Presentation Skills: A Quick Reference Guide for Advocates - Chapter 14 - AAA Handbook on Commercial Arbitration, Third Edition
Morley R. Gorsky
Morley R. Gorsky was an Arbitrator on the Ontario Ministry of Labor list of approved arbitrators, and a Panelist in arbitration seminars conducted by the Law Society of Upper Canada. Gorsky received a B.A. and LL.B. from the University of Manitoba and an LL.M. from New York University. He is the author of EVIDENCE AND PROCEDURE IN CANADIAN LABOUR ARBITRATION, Carswell, (1992), as well as law review articles and government studies.
PRESENTATION SKILLS: A QUICK REFERENCE GUIDE FOR ADVOCATES
Morley R. Gorsky
The purpose of this chapter is to present an arbitrator’s perspective of what goes on at hearings, to assist those who appear as advocates and presenters for the parties, and to suggest ways in which they can improve their advocacy skills.
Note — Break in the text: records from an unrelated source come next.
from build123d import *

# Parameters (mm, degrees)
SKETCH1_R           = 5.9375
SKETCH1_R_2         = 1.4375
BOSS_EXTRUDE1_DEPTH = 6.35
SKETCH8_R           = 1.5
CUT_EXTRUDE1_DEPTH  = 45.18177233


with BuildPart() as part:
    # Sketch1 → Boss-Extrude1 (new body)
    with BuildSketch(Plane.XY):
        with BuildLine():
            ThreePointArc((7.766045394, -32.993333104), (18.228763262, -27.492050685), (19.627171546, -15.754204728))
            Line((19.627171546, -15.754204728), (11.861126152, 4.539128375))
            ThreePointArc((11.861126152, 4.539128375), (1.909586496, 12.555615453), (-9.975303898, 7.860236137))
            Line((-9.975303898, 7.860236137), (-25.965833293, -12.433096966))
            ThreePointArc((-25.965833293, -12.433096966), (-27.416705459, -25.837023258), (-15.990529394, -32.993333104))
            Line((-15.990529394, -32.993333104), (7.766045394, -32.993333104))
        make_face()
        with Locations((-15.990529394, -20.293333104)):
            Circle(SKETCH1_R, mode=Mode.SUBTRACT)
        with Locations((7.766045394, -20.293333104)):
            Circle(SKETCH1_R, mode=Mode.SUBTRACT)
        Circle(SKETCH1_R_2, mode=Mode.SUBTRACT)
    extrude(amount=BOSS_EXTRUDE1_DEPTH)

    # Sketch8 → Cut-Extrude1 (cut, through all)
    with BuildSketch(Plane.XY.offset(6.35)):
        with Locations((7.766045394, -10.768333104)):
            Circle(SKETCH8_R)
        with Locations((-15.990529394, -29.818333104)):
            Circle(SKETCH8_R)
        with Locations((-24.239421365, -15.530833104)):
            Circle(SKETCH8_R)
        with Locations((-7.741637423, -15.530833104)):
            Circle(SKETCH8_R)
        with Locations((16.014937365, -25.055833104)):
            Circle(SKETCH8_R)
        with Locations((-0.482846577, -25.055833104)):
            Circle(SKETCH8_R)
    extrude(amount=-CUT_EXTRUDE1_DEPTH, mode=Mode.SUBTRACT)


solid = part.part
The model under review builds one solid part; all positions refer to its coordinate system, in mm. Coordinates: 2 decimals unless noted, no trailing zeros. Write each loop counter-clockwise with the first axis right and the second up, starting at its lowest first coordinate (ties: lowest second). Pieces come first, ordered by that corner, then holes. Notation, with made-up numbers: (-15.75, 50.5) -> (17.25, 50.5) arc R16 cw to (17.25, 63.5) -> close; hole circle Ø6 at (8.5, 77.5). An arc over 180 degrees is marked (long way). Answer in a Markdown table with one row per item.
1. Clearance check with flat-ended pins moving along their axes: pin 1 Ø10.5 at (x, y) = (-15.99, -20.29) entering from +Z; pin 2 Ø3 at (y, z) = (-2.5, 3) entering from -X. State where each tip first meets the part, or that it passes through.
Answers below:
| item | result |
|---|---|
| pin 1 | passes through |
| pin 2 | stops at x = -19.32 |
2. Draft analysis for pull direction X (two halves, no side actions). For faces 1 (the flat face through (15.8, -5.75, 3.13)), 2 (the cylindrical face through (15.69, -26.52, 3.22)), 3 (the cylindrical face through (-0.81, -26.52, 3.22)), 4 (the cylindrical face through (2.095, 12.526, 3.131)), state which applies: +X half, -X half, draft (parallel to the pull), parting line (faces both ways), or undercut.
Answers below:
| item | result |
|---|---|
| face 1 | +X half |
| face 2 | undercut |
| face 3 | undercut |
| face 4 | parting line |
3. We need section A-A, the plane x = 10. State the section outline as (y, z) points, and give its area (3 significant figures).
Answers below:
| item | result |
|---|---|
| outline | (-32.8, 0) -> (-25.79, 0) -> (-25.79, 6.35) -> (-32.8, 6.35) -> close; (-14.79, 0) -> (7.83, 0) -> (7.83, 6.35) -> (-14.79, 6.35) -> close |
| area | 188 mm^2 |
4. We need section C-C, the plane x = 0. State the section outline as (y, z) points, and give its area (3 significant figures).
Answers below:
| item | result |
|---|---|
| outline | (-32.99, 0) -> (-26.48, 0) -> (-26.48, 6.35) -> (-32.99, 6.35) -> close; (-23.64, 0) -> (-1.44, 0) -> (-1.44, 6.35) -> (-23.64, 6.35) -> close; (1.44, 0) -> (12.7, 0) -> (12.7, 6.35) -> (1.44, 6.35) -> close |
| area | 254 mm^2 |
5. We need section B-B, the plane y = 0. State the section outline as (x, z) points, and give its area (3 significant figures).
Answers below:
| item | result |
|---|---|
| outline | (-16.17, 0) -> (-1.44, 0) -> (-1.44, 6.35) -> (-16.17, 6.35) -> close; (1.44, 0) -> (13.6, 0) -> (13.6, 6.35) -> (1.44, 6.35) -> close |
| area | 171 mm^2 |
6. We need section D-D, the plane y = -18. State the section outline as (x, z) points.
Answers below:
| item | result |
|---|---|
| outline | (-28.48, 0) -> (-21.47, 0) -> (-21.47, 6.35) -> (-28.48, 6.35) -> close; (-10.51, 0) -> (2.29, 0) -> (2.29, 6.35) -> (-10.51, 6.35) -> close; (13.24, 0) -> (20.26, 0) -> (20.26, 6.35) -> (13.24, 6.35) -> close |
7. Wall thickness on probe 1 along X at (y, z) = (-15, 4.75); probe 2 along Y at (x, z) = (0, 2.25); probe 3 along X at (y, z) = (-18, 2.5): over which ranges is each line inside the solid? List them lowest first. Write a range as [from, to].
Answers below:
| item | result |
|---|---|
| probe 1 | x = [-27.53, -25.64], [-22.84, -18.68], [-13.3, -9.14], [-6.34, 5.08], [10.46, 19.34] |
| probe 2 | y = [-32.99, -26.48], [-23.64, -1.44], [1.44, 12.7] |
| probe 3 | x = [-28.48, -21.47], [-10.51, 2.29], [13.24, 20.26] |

The following points represent some matters of advocacy, which while they may appear to be self-evident, can, if they are ignored, have an adverse effect on an advocate’s presentation. I expect that many will regard a lot of my “ways” as not being applicable to them. I would only ask that you hear me with an open mind and remember the words of Chuck Barris, the host of the long-canceled “Gong Show:” “Denial is not just a river in Egypt.”
II.Matters of Advocacy
A. Tell Your Witness it’s OK to Tell the Truth
The best guide to good advocacy will be of little value if counsel is unwilling or unable to devote the necessary care and attention to the preparation of a case, including the proper preparation of witnesses. Counsel should tell witnesses they intend to call that they must tell the truth and that they must answer questions put to them.